Materials provided ▸
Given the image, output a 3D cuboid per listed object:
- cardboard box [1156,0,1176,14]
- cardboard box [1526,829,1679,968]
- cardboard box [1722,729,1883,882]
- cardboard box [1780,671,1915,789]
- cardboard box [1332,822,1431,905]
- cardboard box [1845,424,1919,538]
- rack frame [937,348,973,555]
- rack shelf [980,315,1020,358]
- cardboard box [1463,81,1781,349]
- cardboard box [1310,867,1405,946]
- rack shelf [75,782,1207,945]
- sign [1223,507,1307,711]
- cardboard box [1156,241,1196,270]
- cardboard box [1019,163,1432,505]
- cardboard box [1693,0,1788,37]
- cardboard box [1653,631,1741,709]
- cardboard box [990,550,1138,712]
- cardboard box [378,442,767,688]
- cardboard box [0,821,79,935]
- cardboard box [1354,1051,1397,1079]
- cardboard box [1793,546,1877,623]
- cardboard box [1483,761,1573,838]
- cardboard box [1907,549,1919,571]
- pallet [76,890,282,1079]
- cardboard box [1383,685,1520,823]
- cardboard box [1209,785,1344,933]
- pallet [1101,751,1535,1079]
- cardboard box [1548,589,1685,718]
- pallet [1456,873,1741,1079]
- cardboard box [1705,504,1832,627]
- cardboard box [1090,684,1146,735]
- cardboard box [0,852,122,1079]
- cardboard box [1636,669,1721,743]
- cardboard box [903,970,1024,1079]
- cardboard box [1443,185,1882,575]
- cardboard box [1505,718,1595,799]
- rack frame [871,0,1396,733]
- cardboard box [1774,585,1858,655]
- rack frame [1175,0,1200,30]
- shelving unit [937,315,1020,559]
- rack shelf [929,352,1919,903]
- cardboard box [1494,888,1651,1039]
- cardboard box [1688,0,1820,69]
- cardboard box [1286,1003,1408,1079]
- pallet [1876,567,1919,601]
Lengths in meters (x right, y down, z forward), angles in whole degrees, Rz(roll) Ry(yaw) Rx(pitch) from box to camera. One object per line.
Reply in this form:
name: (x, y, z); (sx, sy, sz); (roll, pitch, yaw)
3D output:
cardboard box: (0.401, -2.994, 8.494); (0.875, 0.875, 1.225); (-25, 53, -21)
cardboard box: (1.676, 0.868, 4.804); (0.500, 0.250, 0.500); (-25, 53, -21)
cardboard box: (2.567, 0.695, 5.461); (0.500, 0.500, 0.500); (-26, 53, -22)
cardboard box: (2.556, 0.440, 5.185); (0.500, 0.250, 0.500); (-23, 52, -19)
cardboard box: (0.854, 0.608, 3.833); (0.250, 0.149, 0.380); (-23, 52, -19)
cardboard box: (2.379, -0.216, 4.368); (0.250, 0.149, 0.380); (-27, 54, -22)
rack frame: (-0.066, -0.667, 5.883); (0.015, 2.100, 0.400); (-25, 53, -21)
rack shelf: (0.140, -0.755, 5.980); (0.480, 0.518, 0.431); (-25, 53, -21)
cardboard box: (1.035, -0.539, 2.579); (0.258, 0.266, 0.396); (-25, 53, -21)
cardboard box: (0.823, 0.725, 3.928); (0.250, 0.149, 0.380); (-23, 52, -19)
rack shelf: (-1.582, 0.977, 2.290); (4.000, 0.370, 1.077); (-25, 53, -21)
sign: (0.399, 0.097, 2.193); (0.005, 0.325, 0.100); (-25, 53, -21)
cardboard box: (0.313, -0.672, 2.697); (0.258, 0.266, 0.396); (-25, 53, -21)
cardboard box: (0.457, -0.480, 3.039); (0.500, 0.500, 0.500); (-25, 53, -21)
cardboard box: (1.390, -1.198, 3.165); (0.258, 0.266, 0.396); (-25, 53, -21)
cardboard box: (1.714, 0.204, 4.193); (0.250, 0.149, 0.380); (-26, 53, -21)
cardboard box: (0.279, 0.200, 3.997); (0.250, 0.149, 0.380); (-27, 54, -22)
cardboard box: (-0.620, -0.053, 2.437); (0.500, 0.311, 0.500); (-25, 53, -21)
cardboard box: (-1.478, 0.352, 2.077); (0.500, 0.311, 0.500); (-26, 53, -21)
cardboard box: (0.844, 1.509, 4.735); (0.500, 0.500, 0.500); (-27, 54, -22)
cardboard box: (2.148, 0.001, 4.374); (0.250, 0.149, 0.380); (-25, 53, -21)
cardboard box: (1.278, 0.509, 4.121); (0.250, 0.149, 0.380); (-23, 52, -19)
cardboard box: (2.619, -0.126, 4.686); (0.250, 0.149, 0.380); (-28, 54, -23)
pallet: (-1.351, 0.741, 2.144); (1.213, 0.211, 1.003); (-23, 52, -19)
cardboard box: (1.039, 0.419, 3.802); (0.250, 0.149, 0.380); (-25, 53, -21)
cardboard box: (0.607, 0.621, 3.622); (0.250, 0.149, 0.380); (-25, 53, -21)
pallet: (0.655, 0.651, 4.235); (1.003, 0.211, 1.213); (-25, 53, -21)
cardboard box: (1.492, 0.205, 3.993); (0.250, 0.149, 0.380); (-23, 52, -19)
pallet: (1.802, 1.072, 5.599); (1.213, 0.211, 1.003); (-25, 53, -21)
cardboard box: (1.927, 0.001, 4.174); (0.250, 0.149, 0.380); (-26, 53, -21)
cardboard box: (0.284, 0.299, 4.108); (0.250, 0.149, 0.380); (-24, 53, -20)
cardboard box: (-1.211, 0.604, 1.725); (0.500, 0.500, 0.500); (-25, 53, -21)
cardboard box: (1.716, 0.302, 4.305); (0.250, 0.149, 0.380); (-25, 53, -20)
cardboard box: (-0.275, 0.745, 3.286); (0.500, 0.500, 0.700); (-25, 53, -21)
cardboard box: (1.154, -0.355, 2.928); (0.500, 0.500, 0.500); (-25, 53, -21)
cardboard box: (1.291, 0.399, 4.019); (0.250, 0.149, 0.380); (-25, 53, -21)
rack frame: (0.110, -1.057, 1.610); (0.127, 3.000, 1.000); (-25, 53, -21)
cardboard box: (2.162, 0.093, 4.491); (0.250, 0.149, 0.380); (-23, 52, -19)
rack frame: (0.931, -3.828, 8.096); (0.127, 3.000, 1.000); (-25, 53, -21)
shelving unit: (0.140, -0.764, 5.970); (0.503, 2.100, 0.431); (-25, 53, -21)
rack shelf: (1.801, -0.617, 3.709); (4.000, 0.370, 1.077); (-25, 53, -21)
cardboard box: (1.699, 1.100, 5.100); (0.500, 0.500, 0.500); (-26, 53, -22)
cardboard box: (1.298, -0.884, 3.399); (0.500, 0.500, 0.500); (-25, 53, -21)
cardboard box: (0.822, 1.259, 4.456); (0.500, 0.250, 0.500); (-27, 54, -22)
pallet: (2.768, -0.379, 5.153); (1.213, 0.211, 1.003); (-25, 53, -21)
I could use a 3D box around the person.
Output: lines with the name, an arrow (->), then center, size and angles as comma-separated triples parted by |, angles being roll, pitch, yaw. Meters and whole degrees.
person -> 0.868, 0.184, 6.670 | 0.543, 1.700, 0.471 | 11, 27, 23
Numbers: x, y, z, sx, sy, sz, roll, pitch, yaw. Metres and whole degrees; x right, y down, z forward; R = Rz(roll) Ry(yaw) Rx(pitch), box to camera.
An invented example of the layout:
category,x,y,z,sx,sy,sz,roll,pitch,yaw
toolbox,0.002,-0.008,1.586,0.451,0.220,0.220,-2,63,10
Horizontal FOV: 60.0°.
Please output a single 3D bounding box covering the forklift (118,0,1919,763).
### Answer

Activity ▸ Go through the material and select each line with the string "camera" in it.

Solved problem ▸
Lengths in meters (x right, y down, z forward), angles in whole degrees, Rz(roll) Ry(yaw) Rx(pitch) from box to camera. One object per line.
Numbers: x, y, z, sx, sy, sz, roll, pitch, yaw. Metres and whole degrees; x right, y down, z forward; R = Rz(roll) Ry(yaw) Rx(pitch), box to camera.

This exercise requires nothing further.